5 Log. Unters. 2nd ed. ii. 294.

2 Logik, § 117.

4 Dial. § 283.

6 Log. ii. pp. 159-188.

§ 140. The empirical data, from which all scientific investigation in its regressive or analytical part (or inductive investigation in the wider use of the expression) must start, are given immediately by external and internal Perception (perceptio), and mediately by Testimony (testimonium).

Perception when animated by a conscious aim becomes Observation (observatio), and when the object admits of the investigation, Experiment (experimentum). In experiment we ourselves change the conditions of what happens; we seek to know what conditions are influential and the kind of influence they possess expressly for the sake of the observation, and the answer to the question stated is given by Nature herself.

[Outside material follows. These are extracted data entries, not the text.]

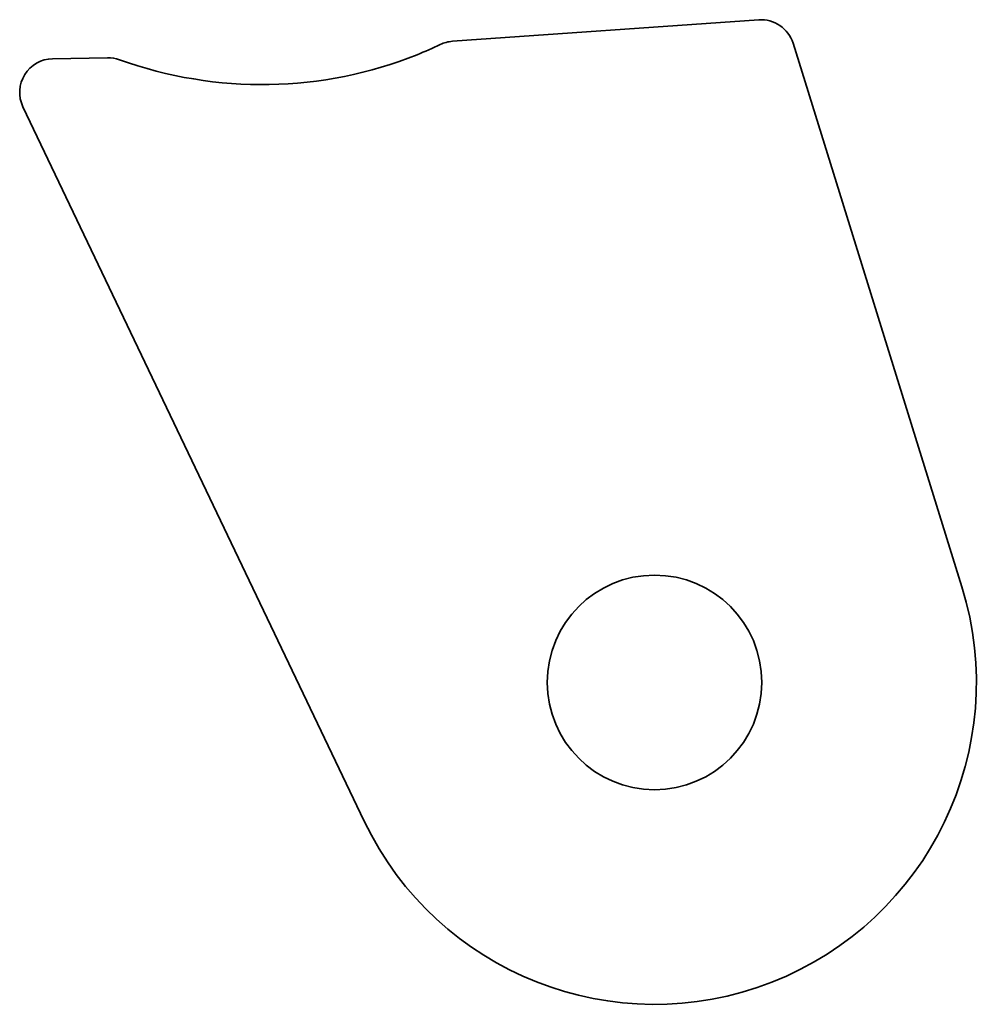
# Model space of a CAD drawing. Extents: x 195.7 to 224.3, y 133.8 to 163.2.
import ezdxf

# ---------------------------------------------------------------- set-up
doc = ezdxf.new("R2010")
doc.units = 0

msp = doc.modelspace()

# ---------------------------------------------------------------- linework, layer by layer
at = {"color": 7, "lineweight": 35}
for p, q in [((217.77887, 163.179779), (208.637817, 162.536957)), ((223.838867, 146.264618), (218.804092, 162.47879)), ((198.351349, 162.048004), (196.711609, 162.018982)), ((195.826996, 160.588013), (206.008698, 139.278961))]:
    msp.add_line(p, q, dxfattribs=at)
msp.add_circle((214.6707, 143.417755), 3.2, dxfattribs=at)
for centre, radius, start, end in [((217.849075, 162.182251), 1, 17.250461, 94.0256), ((203.005524, 173.506592), 12.25633, 291.951624, 295.477921), ((208.707916, 161.539429), 1, 94.019528, 115.47835), ((196.729279, 161.019135), 1, 91.012776, 205.538974), ((198.36908, 161.048157), 1, 70.260332, 91.015522), ((214.6707, 143.417755), 9.6, 205.538974, 17.250461)]:
    msp.add_arc(centre, radius, start, end, dxfattribs=at)
msp.add_ellipse((202.714462, 173.934753), major_axis=(7.123215, -10.603394), ratio=0.97856, start_param=5.357504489, end_param=6.079125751, dxfattribs=at)

doc.saveas('drawing.dxf')

The trustworthiness (fides) of testimony is settled by the general logical rules which govern the inference from the conditioned to the condition, and, more particularly, the construction and verification of hypotheses (§ 134), for this is only a special case of that more general class. The fact to be concluded is the real prius of the testimony. The content of the testimony may have for its ground, either that the event has happened and has been observed exactly in the same way, or that the observation has been influenced by a false apprehension, an untrue recollection, preference of some fancy to strict accuracy, or the confusion of subjective judgment with objective fact. But the witness of an immediate or eyewitness (testis primitivus, proximus, oculatus), who is an immediate witness notoriously or according to the assured concurrence of historical criticism, is

trustworthy, provided that he has been able to apprehend the fact strictly and truly, according to his intellectual and moral condition, and to represent it truly, and has taken care to do so. The agreement of several immediate witnesses with each gives to their assertion a very high probability, if it is proved that they are independent, that they have not been deceived by the same deception, nor have been affected and psychologically influenced by the same one-sidedness in apprehension and statement; for a purely accidental agreement in an accidental circumstance has, according to the laws of the calculation of probability (cf. § 132), a very high degree of probability in all complicated relations. The trustworthiness of mediate witnesses (testes secundarii, ex aliis testibus pendentes) is determined partly by their sense and critical capacity, partly and chiefly by their relation to immediate witnesses. It is an essential problem, but seldom absolutely soluble, to discover the genealogy of testimony. The testimony of later witnesses is suspicious, especially when there is anything in it to serve a distinct (poetical, national, philosophical, dogmatic, or practical) tendency, and the further it stands from the actual occurrences. The verification of the subjective trustworthiness of different witnesses is reciprocally related to the verification of the objective probability, which what is attested has in itself and in connection with undoubted facts. Criticism is positive, so far as it has to construct a complete picture of the real previous occurrence, by combining the true elements and excluding the false.